Copy out the entries that follow, exactly as written.
|---|
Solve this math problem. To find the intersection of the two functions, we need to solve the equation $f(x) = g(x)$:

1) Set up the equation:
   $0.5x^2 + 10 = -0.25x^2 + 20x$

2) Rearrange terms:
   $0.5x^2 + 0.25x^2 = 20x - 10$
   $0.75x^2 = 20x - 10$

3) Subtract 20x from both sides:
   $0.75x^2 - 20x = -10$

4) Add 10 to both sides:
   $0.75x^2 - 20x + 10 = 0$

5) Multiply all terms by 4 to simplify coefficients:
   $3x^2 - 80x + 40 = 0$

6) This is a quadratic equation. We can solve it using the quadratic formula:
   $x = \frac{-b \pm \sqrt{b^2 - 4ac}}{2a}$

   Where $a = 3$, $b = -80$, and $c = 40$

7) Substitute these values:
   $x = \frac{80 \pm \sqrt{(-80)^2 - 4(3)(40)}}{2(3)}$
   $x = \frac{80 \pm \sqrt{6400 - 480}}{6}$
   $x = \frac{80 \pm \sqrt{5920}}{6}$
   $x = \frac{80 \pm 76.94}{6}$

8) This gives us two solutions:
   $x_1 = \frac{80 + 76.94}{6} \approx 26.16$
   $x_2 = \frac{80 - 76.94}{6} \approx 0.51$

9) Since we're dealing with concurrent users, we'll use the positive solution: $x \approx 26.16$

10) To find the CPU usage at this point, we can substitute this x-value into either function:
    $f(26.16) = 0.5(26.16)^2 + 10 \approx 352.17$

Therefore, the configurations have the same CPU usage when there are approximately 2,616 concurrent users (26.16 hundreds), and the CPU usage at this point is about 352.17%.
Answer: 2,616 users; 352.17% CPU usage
|---|
WRITTEN RESPONSE
Solve this math problem. To find the intersection of the two functions, we need to solve the equation $f(x) = g(x)$:

1) Set up the equation:
   $0.5x^2 + 10 = -0.25x^2 + 20x$

2) Rearrange terms:
   $0.5x^2 + 0.25x^2 = 20x - 10$
   $0.75x^2 = 20x - 10$

3) Subtract 20x from both sides:
   $0.75x^2 - 20x = -10$

4) Add 10 to both sides:
   $0.75x^2 - 20x + 10 = 0$

5) Multiply all terms by 4 to simplify coefficients:
   $3x^2 - 80x + 40 = 0$

6) This is a quadratic equation. We can solve it using the quadratic formula:
   $x = \frac{-b \pm \sqrt{b^2 - 4ac}}{2a}$

   Where $a = 3$, $b = -80$, and $c = 40$

7) Substitute these values:
   $x = \frac{80 \pm \sqrt{(-80)^2 - 4(3)(40)}}{2(3)}$
   $x = \frac{80 \pm \sqrt{6400 - 480}}{6}$
   $x = \frac{80 \pm \sqrt{5920}}{6}$
   $x = \frac{80 \pm 76.94}{6}$

8) This gives us two solutions:
   $x_1 = \frac{80 + 76.94}{6} \approx 26.16$
   $x_2 = \frac{80 - 76.94}{6} \approx 0.51$

9) Since we're dealing with concurrent users, we'll use the positive solution: $x \approx 26.16$

10) To find the CPU usage at this point, we can substitute this x-value into either function:
    $f(26.16) = 0.5(26.16)^2 + 10 \approx 352.17$

Therefore, the configurations have the same CPU usage when there are approximately 2,616 concurrent users (26.16 hundreds), and the CPU usage at this point is about 352.17%.
Answer: 2,616 users; 352.17% CPU usage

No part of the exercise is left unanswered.